# Work instructions
Collect the lines of the entries where "family" shows up.
Listed records Start Marker
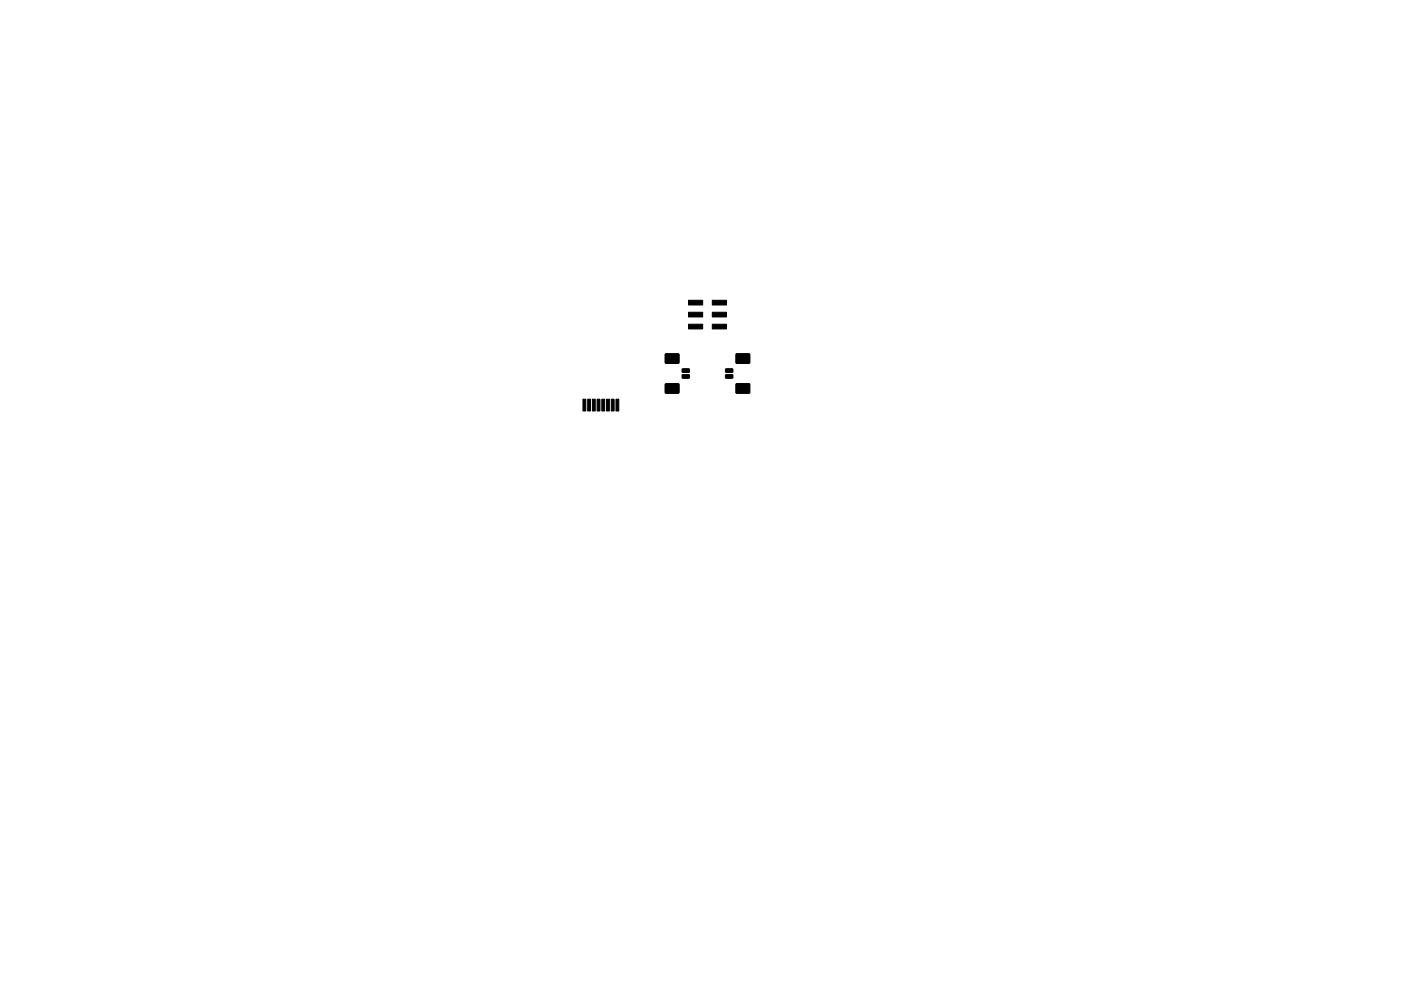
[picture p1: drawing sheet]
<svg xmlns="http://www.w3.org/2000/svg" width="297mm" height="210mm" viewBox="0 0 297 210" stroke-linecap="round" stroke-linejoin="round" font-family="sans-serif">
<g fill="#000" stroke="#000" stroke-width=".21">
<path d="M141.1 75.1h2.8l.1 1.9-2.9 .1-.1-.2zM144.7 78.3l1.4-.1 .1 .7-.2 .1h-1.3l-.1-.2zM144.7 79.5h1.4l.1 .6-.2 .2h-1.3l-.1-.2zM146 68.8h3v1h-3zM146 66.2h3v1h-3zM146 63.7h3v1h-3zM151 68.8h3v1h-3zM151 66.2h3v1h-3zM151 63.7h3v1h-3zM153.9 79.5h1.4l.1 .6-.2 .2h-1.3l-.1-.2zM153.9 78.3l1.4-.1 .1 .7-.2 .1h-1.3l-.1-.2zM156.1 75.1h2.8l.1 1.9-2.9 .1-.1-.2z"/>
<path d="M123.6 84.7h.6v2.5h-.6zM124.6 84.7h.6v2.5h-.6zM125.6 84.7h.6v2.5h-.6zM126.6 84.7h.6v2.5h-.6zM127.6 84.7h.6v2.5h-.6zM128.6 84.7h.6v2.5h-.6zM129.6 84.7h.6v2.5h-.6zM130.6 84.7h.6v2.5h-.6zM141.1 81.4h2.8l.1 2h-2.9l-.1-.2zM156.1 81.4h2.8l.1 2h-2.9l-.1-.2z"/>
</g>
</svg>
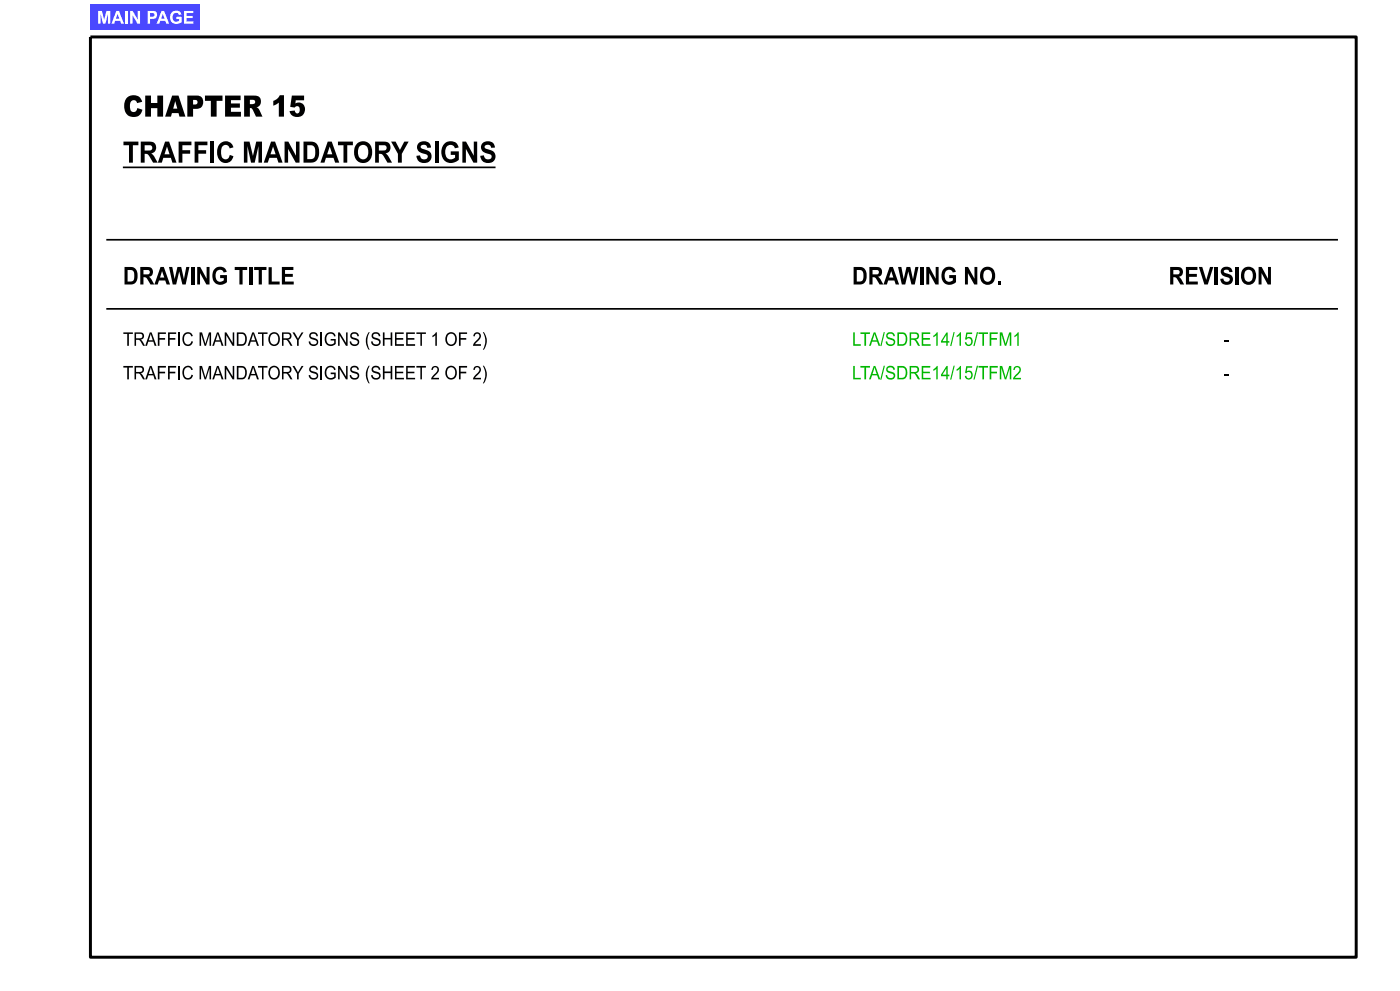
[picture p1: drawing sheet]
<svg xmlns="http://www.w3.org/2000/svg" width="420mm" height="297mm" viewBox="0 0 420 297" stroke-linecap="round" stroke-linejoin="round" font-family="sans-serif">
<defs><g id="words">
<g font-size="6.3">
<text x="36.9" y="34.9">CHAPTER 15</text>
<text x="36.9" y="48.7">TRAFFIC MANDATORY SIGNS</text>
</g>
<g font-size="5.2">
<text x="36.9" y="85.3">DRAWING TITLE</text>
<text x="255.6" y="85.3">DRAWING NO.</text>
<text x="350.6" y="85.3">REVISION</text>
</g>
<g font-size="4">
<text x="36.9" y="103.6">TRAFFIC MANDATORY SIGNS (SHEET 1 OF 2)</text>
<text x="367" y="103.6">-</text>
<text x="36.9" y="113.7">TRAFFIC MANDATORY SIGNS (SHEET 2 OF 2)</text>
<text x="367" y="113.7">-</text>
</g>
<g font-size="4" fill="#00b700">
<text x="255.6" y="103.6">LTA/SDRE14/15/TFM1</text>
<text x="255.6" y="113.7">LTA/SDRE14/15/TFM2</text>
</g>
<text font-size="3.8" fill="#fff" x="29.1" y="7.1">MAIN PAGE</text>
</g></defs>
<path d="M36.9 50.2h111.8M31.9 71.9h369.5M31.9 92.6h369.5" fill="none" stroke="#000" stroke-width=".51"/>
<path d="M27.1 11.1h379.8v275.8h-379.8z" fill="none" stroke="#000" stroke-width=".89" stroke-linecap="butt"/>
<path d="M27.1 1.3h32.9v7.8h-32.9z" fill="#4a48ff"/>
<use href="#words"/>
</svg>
Listed records End Marker
# Written solution
<svg xmlns="http://www.w3.org/2000/svg" width="297mm" height="210mm" viewBox="0 0 297 210" stroke-linecap="round" stroke-linejoin="round" font-family="sans-serif">
<svg xmlns="http://www.w3.org/2000/svg" width="420mm" height="297mm" viewBox="0 0 420 297" stroke-linecap="round" stroke-linejoin="round" font-family="sans-serif">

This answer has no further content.